Author Sallos Posted October 4, 2018 Author Posted October 4, 2018 Be quicker and more decisive. Don't linger first. Present it as giving her an opportunity to spend time with you rather than the other way around as you did here. Exact day/place/time. If she is going to reject it then give her something specific to reject. I just figured it would be best to see what day she has available because she has a child she has to make arrangements for. Which I suppose if it's done like at the beginning of the week instead of the middle it would be more easier done. I have been watching some of the Corey Wayne video's on YouTube as well. I purchased the book as well. Having a bit of a rough go with it though. I'm not a big reader and the constant "google Corey Wayne does ......." turns me off the book some but trying to give it a serious go nonetheless. It did have some pretty good reviews about it.

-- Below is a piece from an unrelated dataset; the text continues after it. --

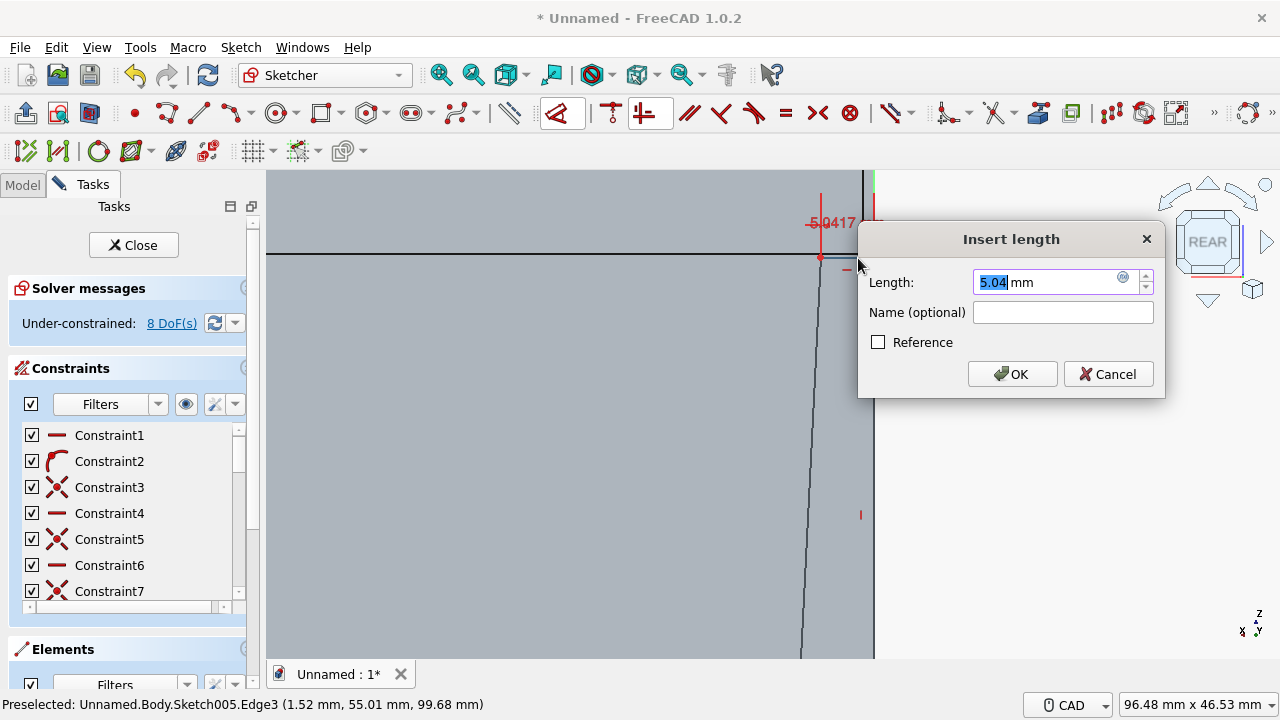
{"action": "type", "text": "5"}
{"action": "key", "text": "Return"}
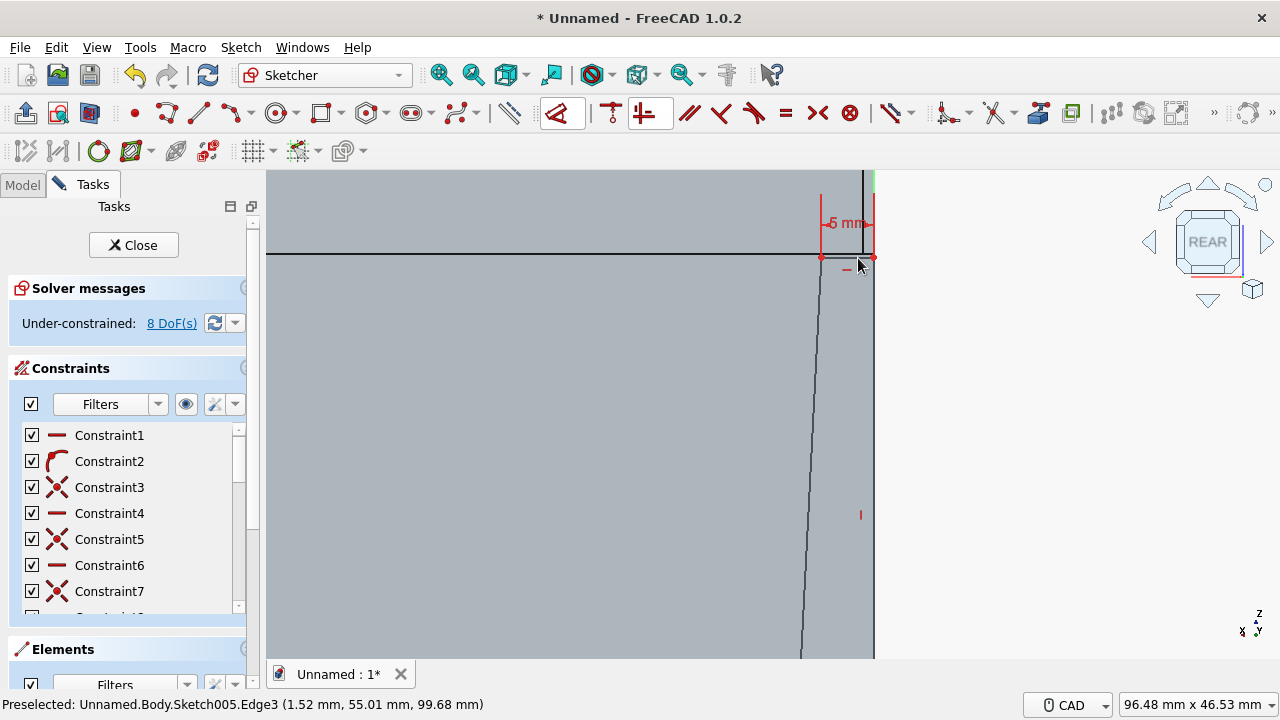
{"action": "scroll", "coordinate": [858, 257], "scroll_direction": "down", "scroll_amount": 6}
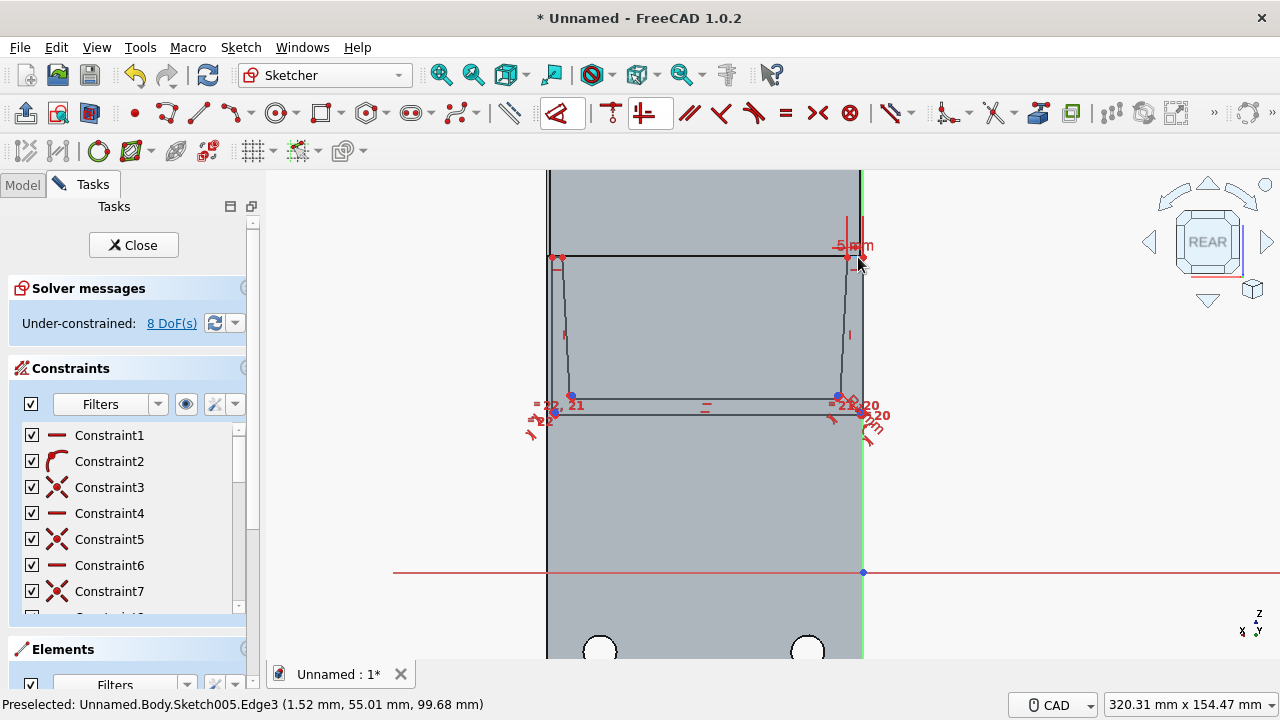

PRW Posted October 5, 2018 Posted October 5, 2018 I just figured it would be best to see what day she has available because she has a child she has to make arrangements for. Which I suppose if it's done like at the beginning of the week instead of the middle it would be more easier done. That's true. Asking "when are you free?" is fine. Just combine the two things together. Find out when they are free,...offer something specific (rather than "asking") based on what they say. I have been watching some of the Corey Wayne video's on YouTube as well. I purchased the book as well. Having a bit of a rough go with it though. I'm not a big reader and the constant "google Corey Wayne does ......." turns me off the book some but trying to give it a serious go nonetheless. It did have some pretty good reviews about it. I understand, but he can't very well put the videos into the book directly. You're probably already past the point, but on subsequent reads, start at around page 40 in the paperback. That skips past a lot of the "sale pitch" introduction. I think he may be a little weak on the marriage stuff near the end. But I don't care about that, I think if a guy has a good foundation built from the earlier stuff he won't have that much trouble in the marriage anyway.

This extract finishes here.